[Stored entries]
==============================

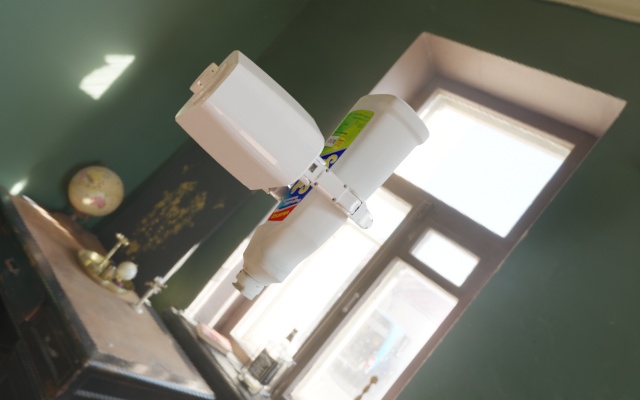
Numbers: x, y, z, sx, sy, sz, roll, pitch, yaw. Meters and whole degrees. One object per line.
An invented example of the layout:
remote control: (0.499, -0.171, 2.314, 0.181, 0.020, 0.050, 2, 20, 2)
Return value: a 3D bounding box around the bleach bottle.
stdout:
bleach bottle: (0.000, 0.002, 0.506, 0.068, 0.251, 0.102, 42, -5, -22)
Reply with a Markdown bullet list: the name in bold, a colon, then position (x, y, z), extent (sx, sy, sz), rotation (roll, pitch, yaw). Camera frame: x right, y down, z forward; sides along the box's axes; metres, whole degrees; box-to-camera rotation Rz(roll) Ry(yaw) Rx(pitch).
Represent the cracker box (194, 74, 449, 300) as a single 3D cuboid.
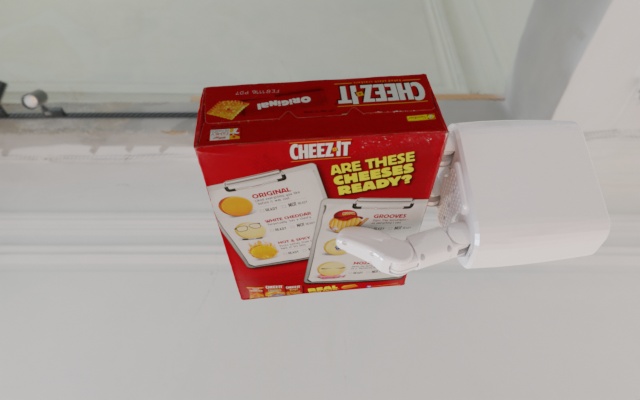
- **cracker box**: position (0.000, 0.002, 0.402), extent (0.164, 0.072, 0.214), rotation (-4, -38, -3)
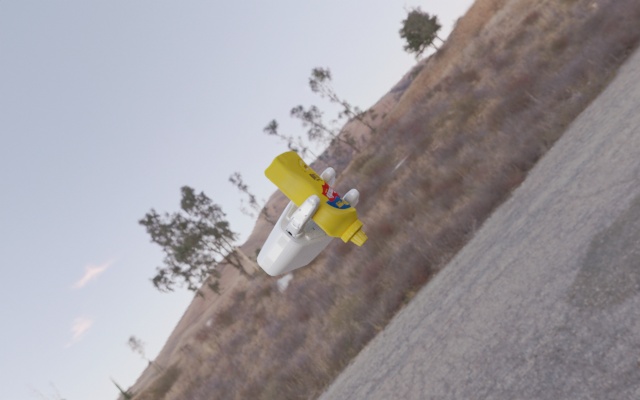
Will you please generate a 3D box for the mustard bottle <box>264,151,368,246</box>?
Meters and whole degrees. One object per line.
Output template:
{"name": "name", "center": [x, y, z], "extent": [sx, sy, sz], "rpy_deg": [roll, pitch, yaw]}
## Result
{"name": "mustard bottle", "center": [0.000, 0.002, 0.771], "extent": [0.191, 0.058, 0.096], "rpy_deg": [44, 16, 8]}
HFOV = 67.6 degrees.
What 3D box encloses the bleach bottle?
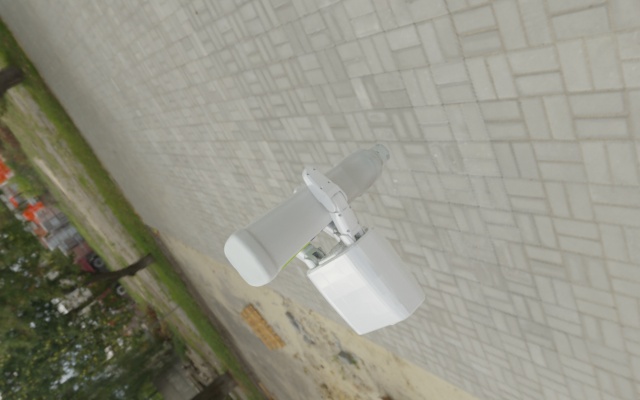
[{"bbox_3d":[0.000,0.002,0.595,0.250,0.068,0.102,-39,0,-26],"label":"bleach bottle"}]
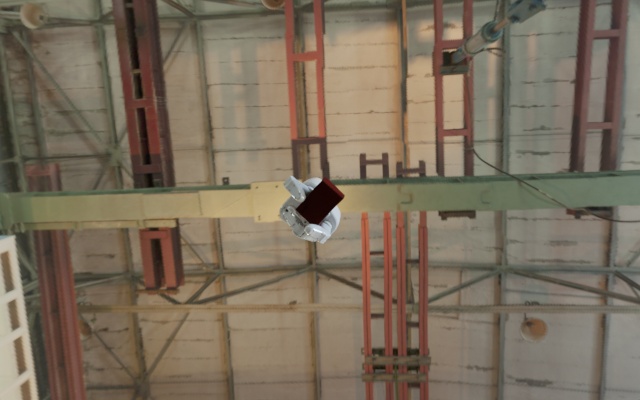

==============================

■ Exercise brief
Each line from the one with "Represent the cracker" to the final line of the data above is to be printed exactly; no picture should appear in the copy.

■ Solution for this exercise
Represent the cracker box (194, 74, 449, 300) as a single 3D cuboid.
- **cracker box**: position (0.000, 0.002, 0.402), extent (0.164, 0.072, 0.214), rotation (-4, -38, -3)
Will you please generate a 3D box for the mustard bottle <box>264,151,368,246</box>?
Meters and whole degrees. One object per line.
Output template:
{"name": "name", "center": [x, y, z], "extent": [sx, sy, sz], "rpy_deg": [roll, pitch, yaw]}
## Result
{"name": "mustard bottle", "center": [0.000, 0.002, 0.771], "extent": [0.191, 0.058, 0.096], "rpy_deg": [44, 16, 8]}
HFOV = 67.6 degrees.
What 3D box encloses the bleach bottle?
[{"bbox_3d":[0.000,0.002,0.595,0.250,0.068,0.102,-39,0,-26],"label":"bleach bottle"}]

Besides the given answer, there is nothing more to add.